AWSTATS.www.chedong.confinclude "Chedong.common.conf" Logfile "/ path / to / www_log" Sitename "www.chedong.com" hostaliases = "chedong.com" statistical indicator instructions: According to the visitors, no repetition IP statistics, one IP represents a visitors; visitors: One visitors may visit more than 1 day (such as once, once in the afternoon), so according to time (for example: 1 hour), not repeated IP count statistics, visitors' visits; number of pages: not included with pure pages of pictures, CSS, JavaScript files, but if a page uses multiple frames, each frame counts a page request; file number: The file request from the browser client, including pictures, CSS, JavaScript, etc., the user requests a page, if the page contains pictures, so a multi-file request will be issued, the number of files is generally larger than the file number; word Section: Pass the total traffic of the client; data from the Referr: Referr field in the log, record the address before accessing the corresponding page, so if the user is through the search engine search results Click to enter the website, log There will be the user's query address in the corresponding search engine, this address can be extracted by parsing the keywords used by the user query: for example: 2003-03-26 15:43:58 123.123.123.123 - Get /index.html 200 192 HTTP / 1.1 Mozilla / 4.0 (Compatible; MSIE 5.01; Windows NT 5.0) http://www.google.com/search?q=chedongawstats in the key phrase and keyword statistics of the search engine The function is still complete: you can identify more than 300 machine crawles around the world, and you can identify most of the mainstream international search engines and local language search engines in many regions.
Hacking awStatsiis Press GMT Time Patch: AWSTATS.PLIIS log Time is between Greenwich, China's local time and GMT have 8 hours gaps, if directly use the Timezone plugin from Greenwich Time Conversion will have 40% performance Drop, there is a patch of time to modify the time coordinates at the time of local time: 7696d7695
153C144 <"Baidu / .com", "Word =", "Search / .sina / .com", "Word =", "Search / .sohu / .com", "Word =", ---> "BAIDU /.com", "word=", "sina / .com", "word =", "3721 / .com", "name =", "163 / .com", "q =", "Tom /. COM "," word = "," sohu / .com "," word = ",
250C234 <"baidu / .com", "baidu", "search / .sina / .com", "sina", "search / .sohu / .com", "sohu", ---> "baidu / .com "," Baidu "," sina / .com "," 3721 "," 163/00/00 "," Netease "," Tom / .com "," Tom ", "sohu / .com", "sohu", the google's Unicode query still requires some query patches: because Google's IE-free query for Windows 2000 or more is UTF-8 format, while other search engines Part of the system local encoding: GB2312, there is a need to query the URI decoding, and according to whether the UTF-8 is used to the GB2312 transcodation, the same word will remain in the statistical UTF-8 and GB2312 two. recording.

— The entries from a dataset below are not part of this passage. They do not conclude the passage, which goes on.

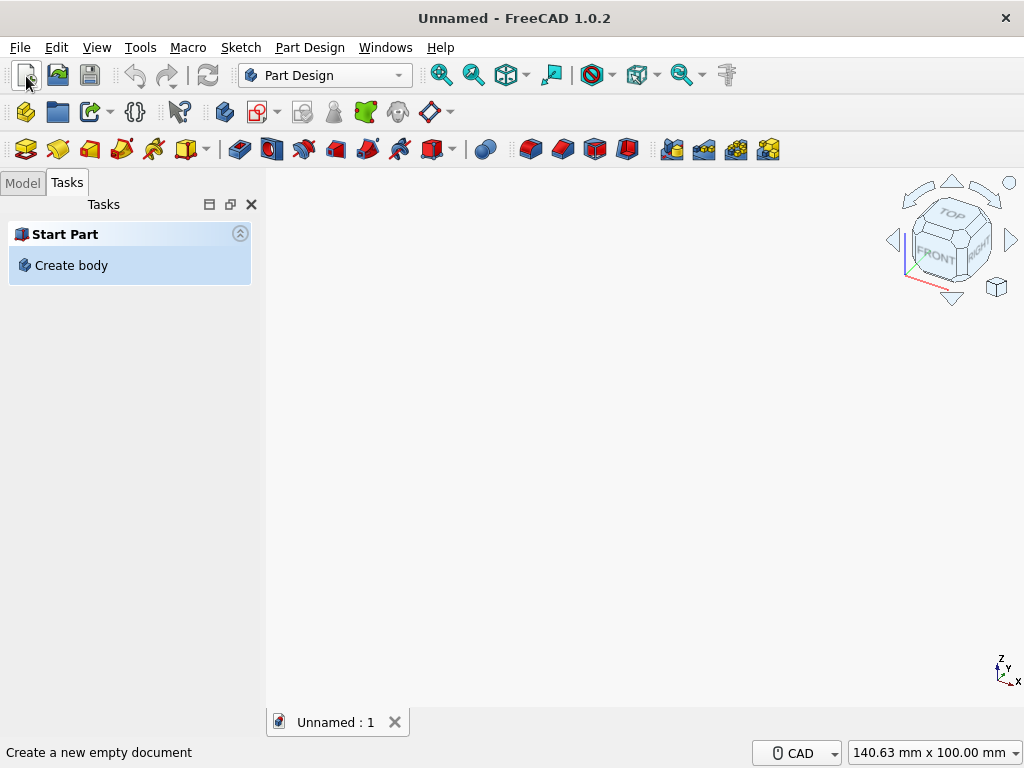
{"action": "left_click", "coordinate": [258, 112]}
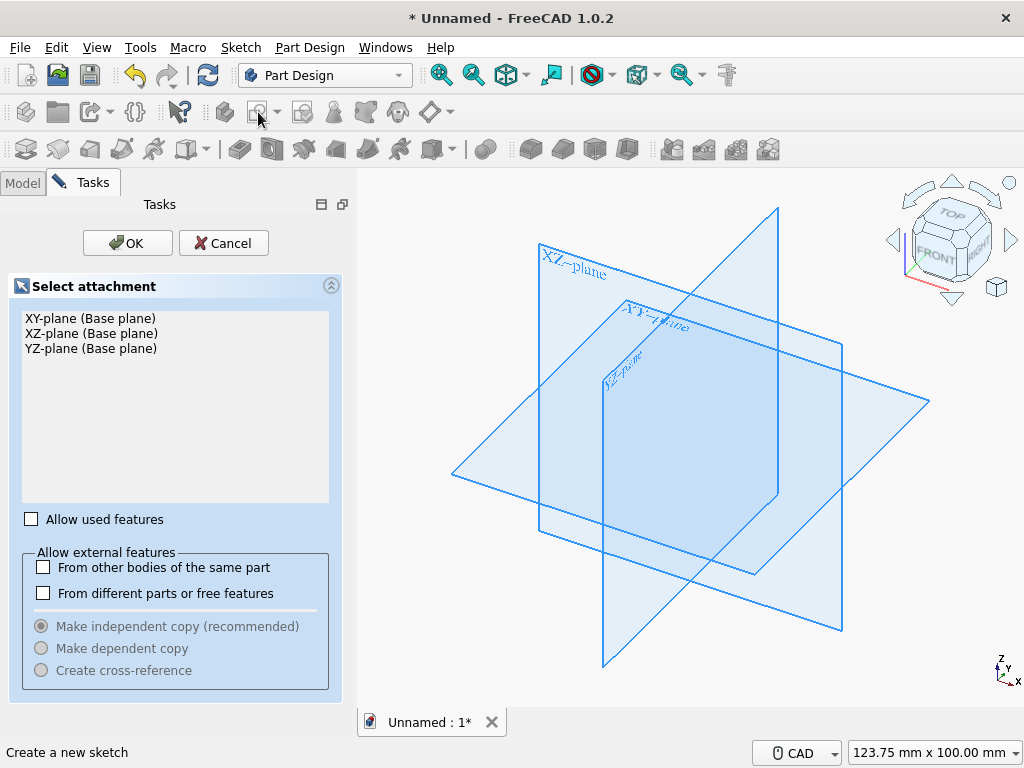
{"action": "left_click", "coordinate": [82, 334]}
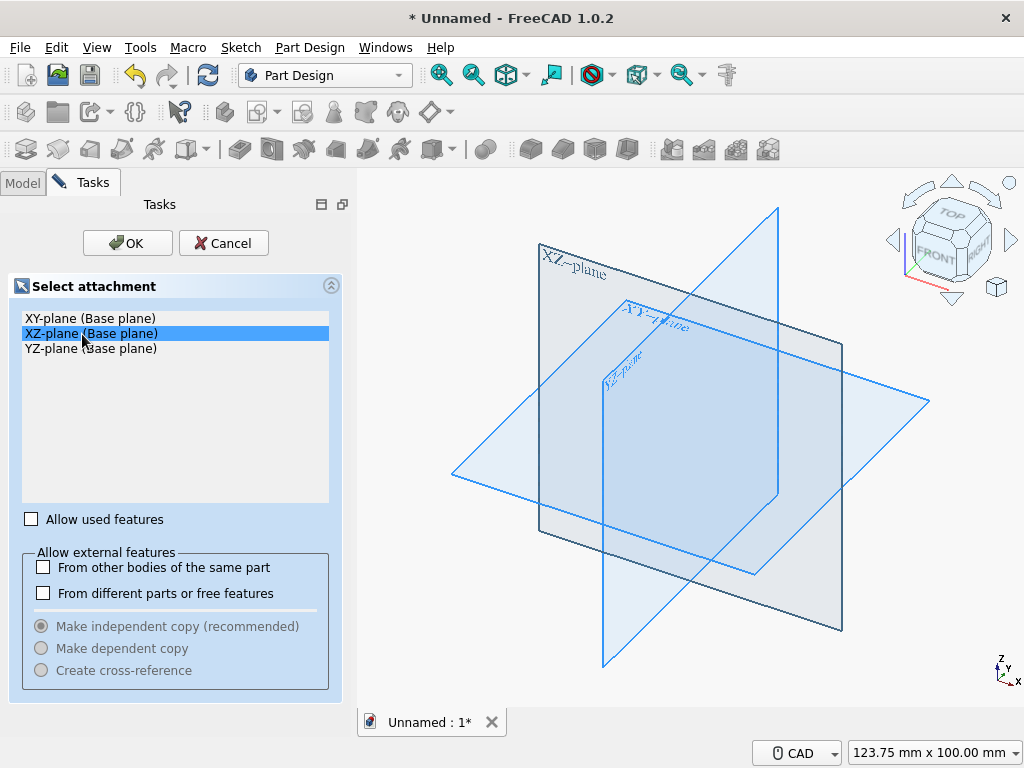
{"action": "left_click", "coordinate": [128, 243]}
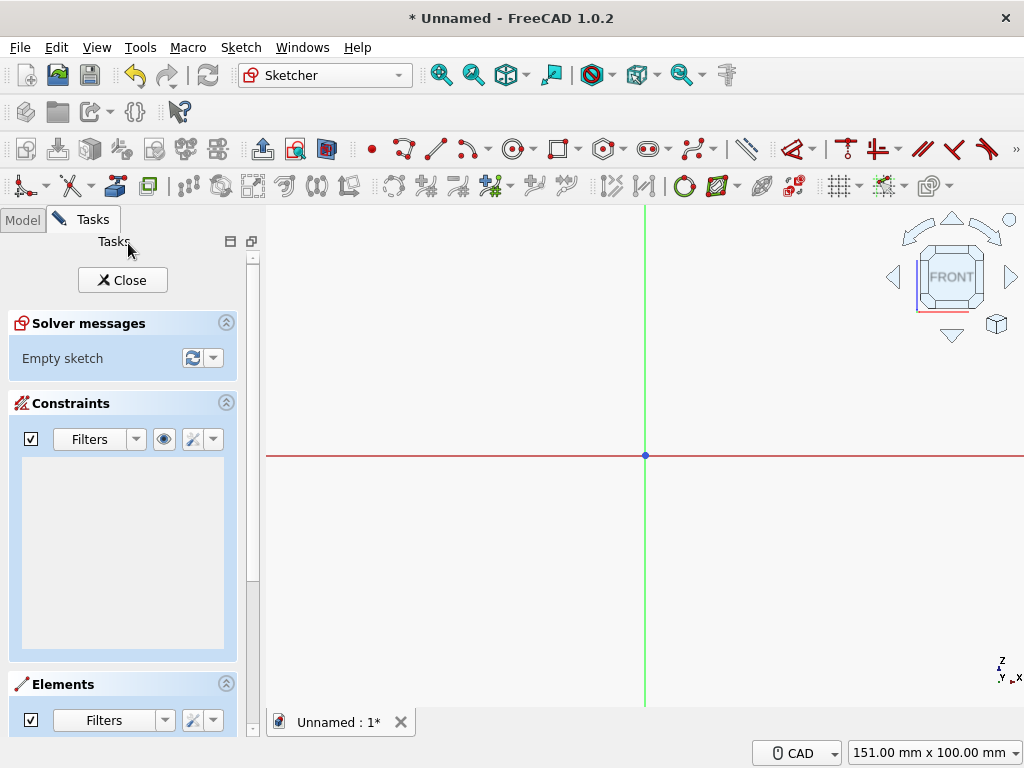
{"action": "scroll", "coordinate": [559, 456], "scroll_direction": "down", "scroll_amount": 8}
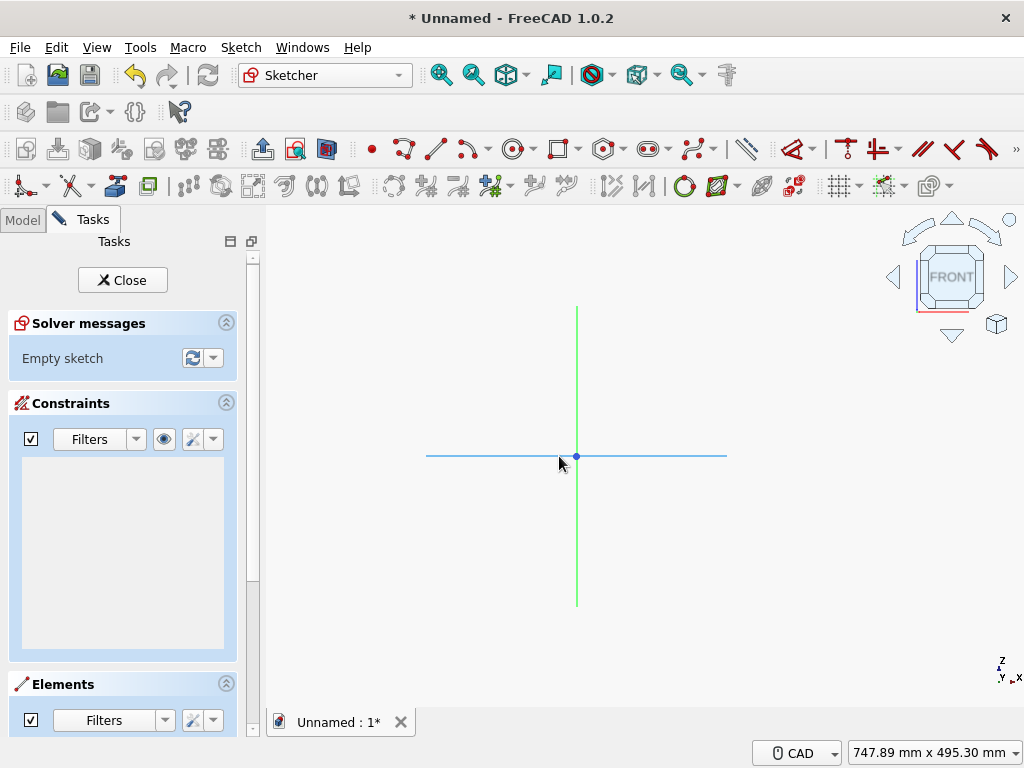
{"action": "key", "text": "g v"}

I added the following functions for UTF-8 characters decoding and similar to "/ XC4 / XBE / XD7 / XD3 / XC3 / XC0" querying SUB UTF8_TO_ASCII {MY $ String = Shift; My $ Encoding = Shift;
# CHANGE / XC4 / XBE / XD7 / XD3 / XC3 / XC0 INTO% C4% BE% D7% D3% C3% C0 $ String = ~ s /// x (/ w {2}) /% / 1 / gi;
# URI Unescape $ String = URI_UNESCAPE ($ String);
IF ($ String = ~ m / ^ ([/ x00- / x7f] | [/ xc2- / xdf] [/ x80- / xbf] | / XE0 [/ xa0- / xbf] [/ x80- / xbf] | [/ x80- / xbf] [/ x80- / xbf] | / xf0 [/ x90- / xbf] [/ x80- / xbf] [/ x80- / xbf] | [/ xf1- / xf7] [/ x80- / xbf] [/ x80- / xbf]) * $ /) {$ string = decode ("UTF-8", $ String); $ String = Encode $ encoding, $ string;
# Trim Space $ string = ~ s / ^ / s //; $ String = ~ S // S $ //;
# REVERSE " ", ";" to space $ string = ~ s /; // g; $ String = ~ s // s // / g;
#print $ string. "/ n"; return $ String;}
Here is more about Google UTF-8 query patches.
Plug-in installation based on geographic information:
GEOIP and GEO :: ipfree (awStats 5.5 ) / NGEOIP and Geo :: ipfree are free of the country / IP shot table, which is more accurate than the domain name by DNS reverse, and fast. GEOIP's API is free, the default library is free, and it is its data update service. GEO :: ipfree not only the code is open, and the library data is also open, so you can customize it yourself, such as: China's city to IP mapping.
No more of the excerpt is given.